* Work order *
Word for word, print out all of the data, omitting every image.
=== Begin Enclosure ===
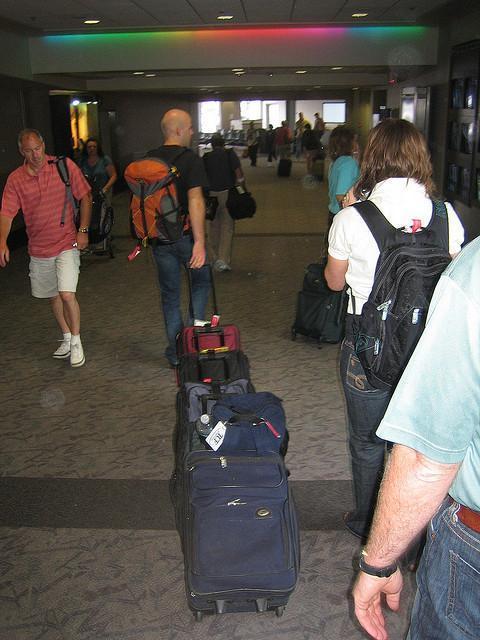How many people can you see?
Give a very brief answer. 7. How many backpacks are visible?
Give a very brief answer. 4. How many suitcases can be seen?
Give a very brief answer. 4. 
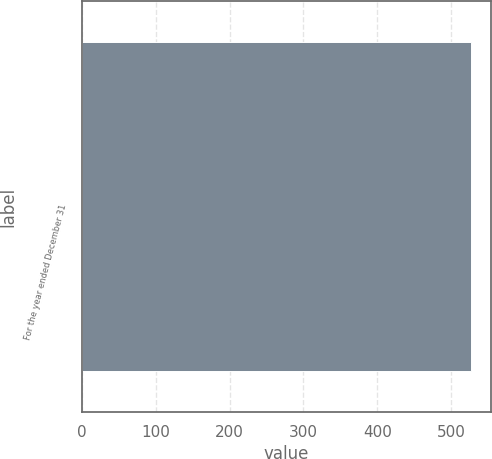<chart> <loc_0><loc_0><loc_500><loc_500><bar_chart><fcel>For the year ended December 31<nl><fcel>527<nl></chart> 
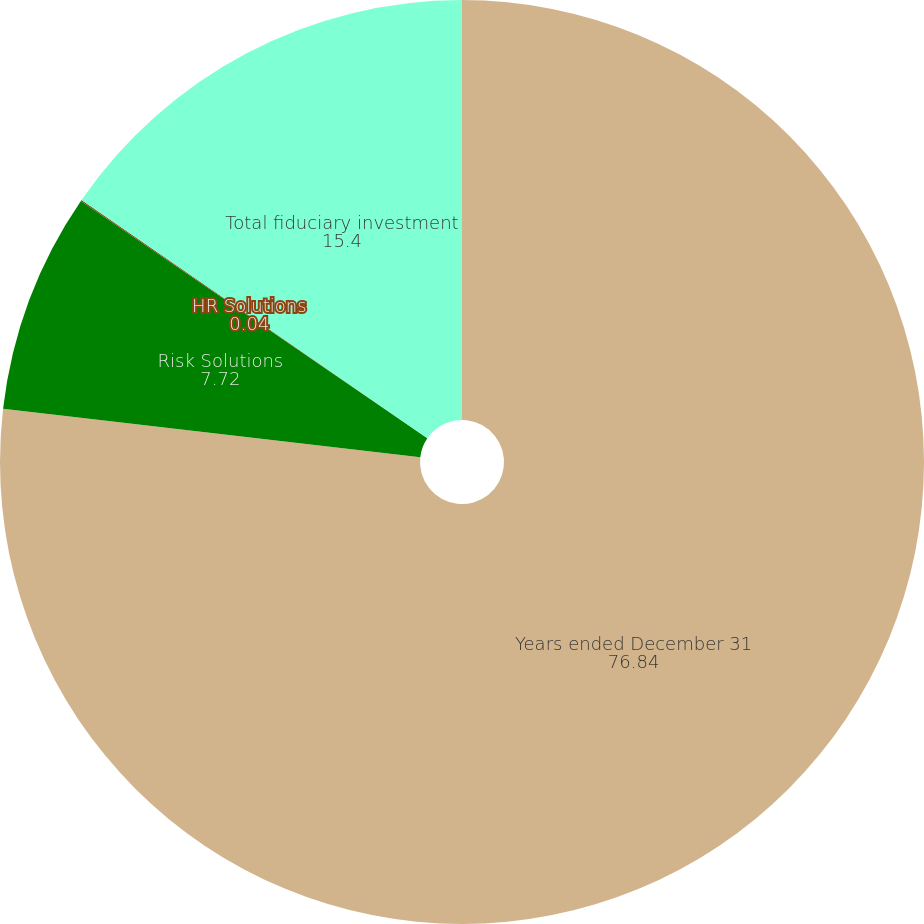Convert chart to OTSL. <chart><loc_0><loc_0><loc_500><loc_500><pie_chart><fcel>Years ended December 31<fcel>Risk Solutions<fcel>HR Solutions<fcel>Total fiduciary investment<nl><fcel>76.84%<fcel>7.72%<fcel>0.04%<fcel>15.4%<nl></chart> 
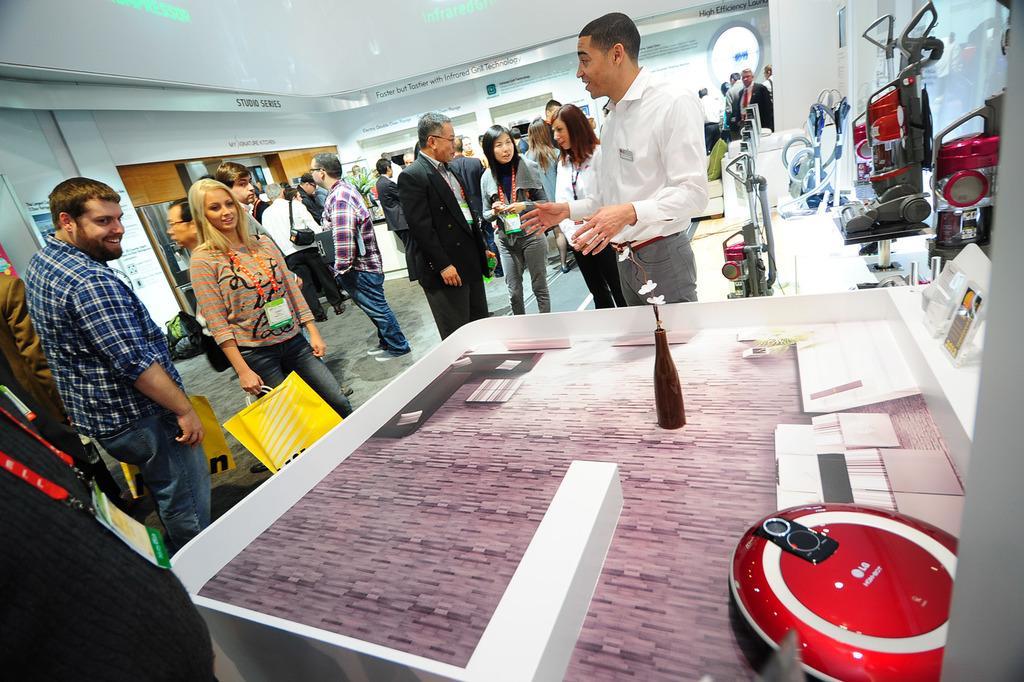Please provide a concise description of this image. In this image we can see many people. Some are wearing tags. Some are holding covers. There is a platform. On that there is a bottle with flowers and some other device. On the right side we can see many devices. In the back there is a wall. On the wall something is written. 
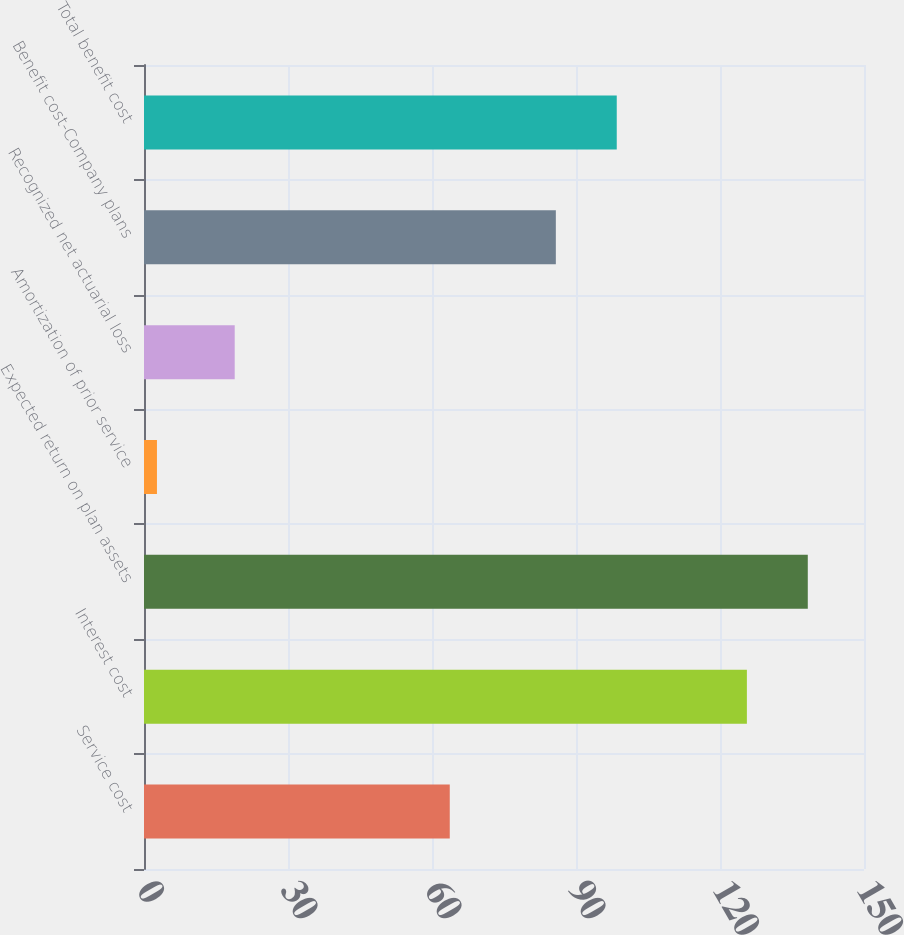<chart> <loc_0><loc_0><loc_500><loc_500><bar_chart><fcel>Service cost<fcel>Interest cost<fcel>Expected return on plan assets<fcel>Amortization of prior service<fcel>Recognized net actuarial loss<fcel>Benefit cost-Company plans<fcel>Total benefit cost<nl><fcel>63.7<fcel>125.6<fcel>138.29<fcel>2.7<fcel>18.9<fcel>85.8<fcel>98.49<nl></chart>
=== End Enclosure ===
* Final answer *
How many people can you see?
Give a very brief answer. 7. How many backpacks are visible?
Give a very brief answer. 4. How many suitcases can be seen?
Give a very brief answer. 4. 
<chart> <loc_0><loc_0><loc_500><loc_500><bar_chart><fcel>For the year ended December 31<nl><fcel>527<nl></chart> 
Convert chart to OTSL. <chart><loc_0><loc_0><loc_500><loc_500><pie_chart><fcel>Years ended December 31<fcel>Risk Solutions<fcel>HR Solutions<fcel>Total fiduciary investment<nl><fcel>76.84%<fcel>7.72%<fcel>0.04%<fcel>15.4%<nl></chart> 
Please provide a concise description of this image. In this image we can see many people. Some are wearing tags. Some are holding covers. There is a platform. On that there is a bottle with flowers and some other device. On the right side we can see many devices. In the back there is a wall. On the wall something is written. 
<chart> <loc_0><loc_0><loc_500><loc_500><bar_chart><fcel>Service cost<fcel>Interest cost<fcel>Expected return on plan assets<fcel>Amortization of prior service<fcel>Recognized net actuarial loss<fcel>Benefit cost-Company plans<fcel>Total benefit cost<nl><fcel>63.7<fcel>125.6<fcel>138.29<fcel>2.7<fcel>18.9<fcel>85.8<fcel>98.49<nl></chart>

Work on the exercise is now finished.